= Tanglewood Symposium =

1967 music education conference in Massachusetts, United States

The Tanglewood Symposium was a conference that took place from July 23 to August 2, 1967, in Tanglewood, Massachusetts. It was sponsored by the Music Educators National Conference (MENC) in cooperation with the Berkshire Music Center, the Theodore Presser Foundation, and the School of Fine and Applied Arts of Boston University. The purpose was to discuss and define the role of music education in contemporary American society and to make recommendations to improve the effectiveness of music instruction. Participants included sociologists, scientists, labor leaders, educators, representatives of corporations, musicians, and people involved with other aspects of music.

==The Symposium==
Position papers had been published in the March and April 1967 issues of the Music Educators Journal. The papers served as the bases for discussion at the 1967 MENC divisional conferences and for the Tanglewood Symposium. The sessions were moderated by Max Kaplan, Wiley Lee Housewright (1913–2003), Allen P. Britton, David P. McAllester, and Karl D. Ernst. Three broad questions were considered:
- What are the characteristics and desirable ideologies for an emerging and postindustrial society?
- What are the values and unique functions of music and other arts for individuals and communities in such a society?
- How may these potentials be attained?

==The Tanglewood Declaration==
The Tanglewood Symposium is summarized in the statement entitled "The Tanglewood Declaration," which provided a philosophical basis for future developments in music education. Of particular importance, the Declaration called for music to be placed in the core of the school curriculum.

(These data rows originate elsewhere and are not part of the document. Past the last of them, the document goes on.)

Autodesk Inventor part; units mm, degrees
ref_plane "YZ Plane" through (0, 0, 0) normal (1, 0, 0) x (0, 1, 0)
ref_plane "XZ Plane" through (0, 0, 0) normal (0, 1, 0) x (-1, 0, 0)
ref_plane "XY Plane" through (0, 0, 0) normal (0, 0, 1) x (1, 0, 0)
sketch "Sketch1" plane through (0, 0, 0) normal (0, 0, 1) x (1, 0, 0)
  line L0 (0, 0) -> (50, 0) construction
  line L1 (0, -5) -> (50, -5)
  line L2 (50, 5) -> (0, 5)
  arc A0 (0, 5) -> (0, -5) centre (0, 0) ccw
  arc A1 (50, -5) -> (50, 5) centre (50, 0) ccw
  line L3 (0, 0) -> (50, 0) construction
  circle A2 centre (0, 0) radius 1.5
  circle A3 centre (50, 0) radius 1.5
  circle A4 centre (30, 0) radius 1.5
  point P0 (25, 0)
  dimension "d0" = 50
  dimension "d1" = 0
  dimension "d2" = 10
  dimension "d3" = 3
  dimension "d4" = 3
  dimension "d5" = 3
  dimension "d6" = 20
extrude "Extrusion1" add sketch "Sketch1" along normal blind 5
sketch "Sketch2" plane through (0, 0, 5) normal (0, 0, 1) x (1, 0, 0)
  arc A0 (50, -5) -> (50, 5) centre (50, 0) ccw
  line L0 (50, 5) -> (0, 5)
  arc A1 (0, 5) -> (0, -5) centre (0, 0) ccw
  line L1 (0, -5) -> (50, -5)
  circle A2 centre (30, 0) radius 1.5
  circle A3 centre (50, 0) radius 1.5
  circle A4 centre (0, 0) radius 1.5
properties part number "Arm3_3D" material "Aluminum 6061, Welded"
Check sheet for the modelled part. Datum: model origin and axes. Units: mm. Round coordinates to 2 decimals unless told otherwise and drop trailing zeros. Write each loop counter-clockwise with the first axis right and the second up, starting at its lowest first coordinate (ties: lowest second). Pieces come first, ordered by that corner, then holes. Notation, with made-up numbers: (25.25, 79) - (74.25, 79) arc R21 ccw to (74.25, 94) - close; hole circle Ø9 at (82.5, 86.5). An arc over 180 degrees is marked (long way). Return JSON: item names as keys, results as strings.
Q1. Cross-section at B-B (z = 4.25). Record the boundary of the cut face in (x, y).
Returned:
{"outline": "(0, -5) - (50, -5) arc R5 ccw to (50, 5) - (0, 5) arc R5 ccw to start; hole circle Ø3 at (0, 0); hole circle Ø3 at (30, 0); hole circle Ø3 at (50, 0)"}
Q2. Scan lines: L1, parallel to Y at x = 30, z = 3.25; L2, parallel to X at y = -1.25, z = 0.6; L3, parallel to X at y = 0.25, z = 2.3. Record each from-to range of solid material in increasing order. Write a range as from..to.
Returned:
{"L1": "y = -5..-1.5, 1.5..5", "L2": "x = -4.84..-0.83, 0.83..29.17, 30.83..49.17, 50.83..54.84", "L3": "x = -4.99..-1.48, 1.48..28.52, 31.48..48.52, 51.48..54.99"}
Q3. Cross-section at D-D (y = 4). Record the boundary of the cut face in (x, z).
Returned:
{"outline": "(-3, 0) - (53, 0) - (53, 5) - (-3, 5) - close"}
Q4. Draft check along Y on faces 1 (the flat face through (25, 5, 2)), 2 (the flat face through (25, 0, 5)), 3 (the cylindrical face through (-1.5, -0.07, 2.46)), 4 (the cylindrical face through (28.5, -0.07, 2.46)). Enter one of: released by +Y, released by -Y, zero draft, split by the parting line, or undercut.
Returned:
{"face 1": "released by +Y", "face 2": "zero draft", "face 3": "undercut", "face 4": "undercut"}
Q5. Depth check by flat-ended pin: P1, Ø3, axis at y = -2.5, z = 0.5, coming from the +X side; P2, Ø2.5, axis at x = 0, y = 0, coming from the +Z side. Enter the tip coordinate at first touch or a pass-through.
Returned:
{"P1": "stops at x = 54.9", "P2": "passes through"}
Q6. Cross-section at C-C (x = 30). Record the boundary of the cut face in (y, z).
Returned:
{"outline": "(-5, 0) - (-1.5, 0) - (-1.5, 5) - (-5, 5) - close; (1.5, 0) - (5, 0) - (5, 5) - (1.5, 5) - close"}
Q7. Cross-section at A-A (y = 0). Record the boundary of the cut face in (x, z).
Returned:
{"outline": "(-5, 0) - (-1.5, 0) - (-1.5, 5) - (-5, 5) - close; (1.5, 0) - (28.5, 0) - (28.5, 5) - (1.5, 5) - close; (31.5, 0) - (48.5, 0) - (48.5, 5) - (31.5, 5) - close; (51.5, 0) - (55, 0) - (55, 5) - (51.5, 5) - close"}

- a.	Music serves best when its integrity as an art is maintained.
- b.	Music of all periods, styles, forms, and cultures belongs in the curriculum. The musical repertory should be expanded to involve music of our time in its rich variety, including currently popular teenage music and avant-garde music, American folk music, and the music of other cultures.
- c.	Schools and colleges should provide adequate time for music programs ranging from pre-school through adult or continuing education.
- d.	Instruction in the arts should be a general and important part of education in the senior high school.
- e.	Developments in educational technology, educational television, programmed instruction, and computer-assisted instruction should be applied to music study and research.
- f.	Greater emphasis should be placed on helping the individual student to fulfill their needs, goals, and potentials.
- g.	The music education profession must contribute its skills, proficiencies, and insights toward assisting in the solution of urgent social problems as in the "inner city" or other areas with culturally deprived individuals.
- h.	Programs of teacher education must be expanded and improved to provide music teachers who are specially equipped to teach high school courses in the history and literature of music, courses in the humanities and related arts, as well as teachers equipped to work with the very young, with adults, with the disadvantaged, and with the emotionally disturbed.